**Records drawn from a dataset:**

== Segment start ==

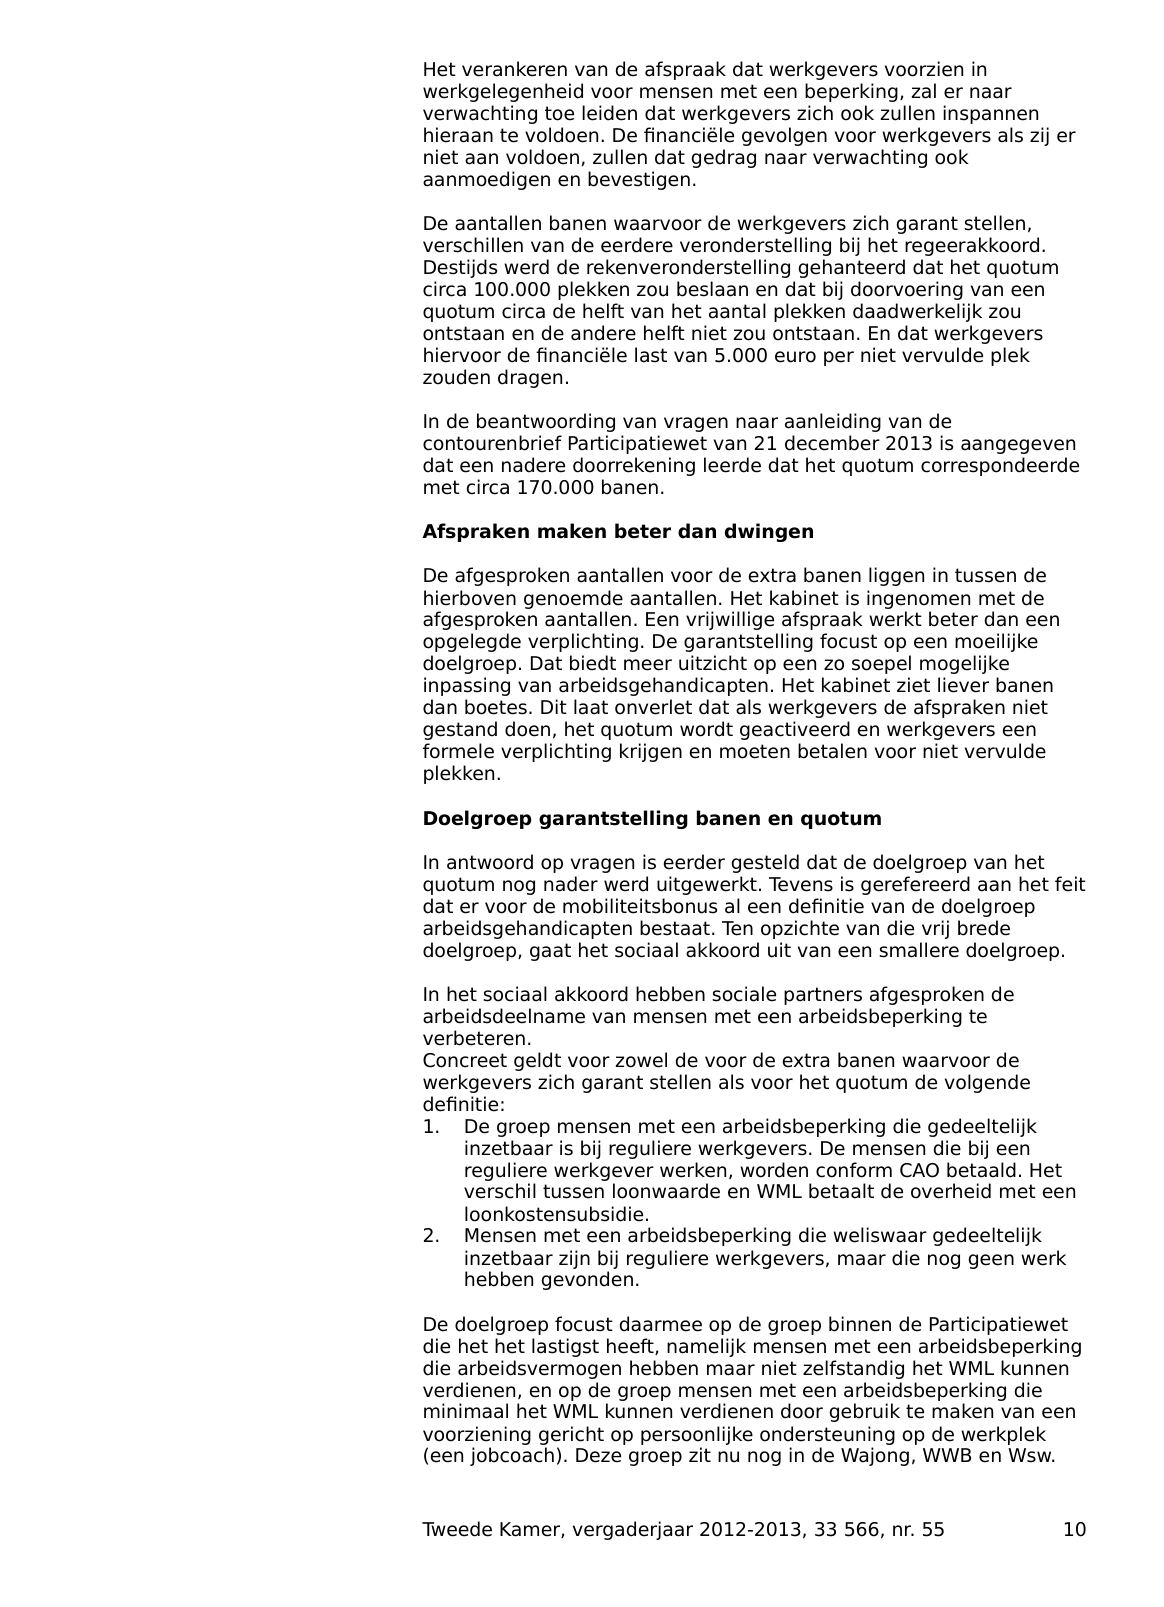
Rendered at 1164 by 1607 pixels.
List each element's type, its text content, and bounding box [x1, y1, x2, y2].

text De aantallen banen waarvoor de werkgevers zich garant stellen, verschillen van de eerdere veronderstelling bij het regeerakkoord. Destijds werd de rekenveronderstelling gehanteerd dat het quotum circa 100.000 plekken zou beslaan en dat bij doorvoering van een quotum circa de helft van het aantal plekken daadwerkelijk zou ontstaan en de andere helft niet zou ontstaan. En dat werkgevers hiervoor de financiële last van 5.000 euro per niet vervulde plek zouden dragen. [422, 213, 1087, 389]
text In het sociaal akkoord hebben sociale partners afgesproken de arbeidsdeelname van mensen met een arbeidsbeperking te verbeteren. [422, 984, 1087, 1049]
subtitle Doelgroep garantstelling banen en quotum [422, 807, 1087, 829]
text Het verankeren van de afspraak dat werkgevers voorzien in werkgelegenheid voor mensen met een beperking, zal er naar verwachting toe leiden dat werkgevers zich ook zullen inspannen hieraan te voldoen. De financiële gevolgen voor werkgevers als zij er niet aan voldoen, zullen dat gedrag naar verwachting ook aanmoedigen en bevestigen. [422, 59, 1087, 191]
subtitle Afspraken maken beter dan dwingen [422, 521, 1087, 543]
text 1. De groep mensen met een arbeidsbeperking die gedeeltelijk inzetbaar is bij reguliere werkgevers. De mensen die bij een reguliere werkgever werken, worden conform CAO betaald. Het verschil tussen loonwaarde en WML betaalt de overheid met een loonkostensubsidie. [422, 1116, 1087, 1225]
text In de beantwoording van vragen naar aanleiding van de contourenbrief Participatiewet van 21 december 2013 is aangegeven dat een nadere doorrekening leerde dat het quotum correspondeerde met circa 170.000 banen. [422, 411, 1087, 499]
text In antwoord op vragen is eerder gesteld dat de doelgroep van het quotum nog nader werd uitgewerkt. Tevens is gerefereerd aan het feit dat er voor de mobiliteitsbonus al een definitie van de doelgroep arbeidsgehandicapten bestaat. Ten opzichte van die vrij brede doelgroep, gaat het sociaal akkoord uit van een smallere doelgroep. [422, 852, 1087, 961]
text De afgesproken aantallen voor de extra banen liggen in tussen de hierboven genoemde aantallen. Het kabinet is ingenomen met de afgesproken aantallen. Een vrijwillige afspraak werkt beter dan een opgelegde verplichting. De garantstelling focust op een moeilijke doelgroep. Dat biedt meer uitzicht op een zo soepel mogelijke inpassing van arbeidsgehandicapten. Het kabinet ziet liever banen dan boetes. Dit laat onverlet dat als werkgevers de afspraken niet gestand doen, het quotum wordt geactiveerd en werkgevers een formele verplichting krijgen en moeten betalen voor niet vervulde plekken. [422, 565, 1087, 785]
text Concreet geldt voor zowel de voor de extra banen waarvoor de werkgevers zich garant stellen als voor het quotum de volgende definitie: [422, 1049, 1087, 1116]
text 2. Mensen met een arbeidsbeperking die weliswaar gedeeltelijk inzetbaar zijn bij reguliere werkgevers, maar die nog geen werk hebben gevonden. [422, 1225, 1087, 1291]
text De doelgroep focust daarmee op de groep binnen de Participatiewet die het het lastigst heeft, namelijk mensen met een arbeidsbeperking die arbeidsvermogen hebben maar niet zelfstandig het WML kunnen verdienen, en op de groep mensen met een arbeidsbeperking die minimaal het WML kunnen verdienen door gebruik te maken van een voorziening gericht op persoonlijke ondersteuning op de werkplek (een jobcoach). Deze groep zit nu nog in de Wajong, WWB en Wsw. [422, 1313, 1087, 1467]

== Segment end ==

**Exercise brief:** Although the records above contain pictures, the copy should hold only the lines from their start through the line containing "List each element's", each exactly as written, and none of the pictures.

**Response:**
Rendered at 1164 by 1607 pixels.
List each element's type, its text content, and bounding box [x1, y1, x2, y2].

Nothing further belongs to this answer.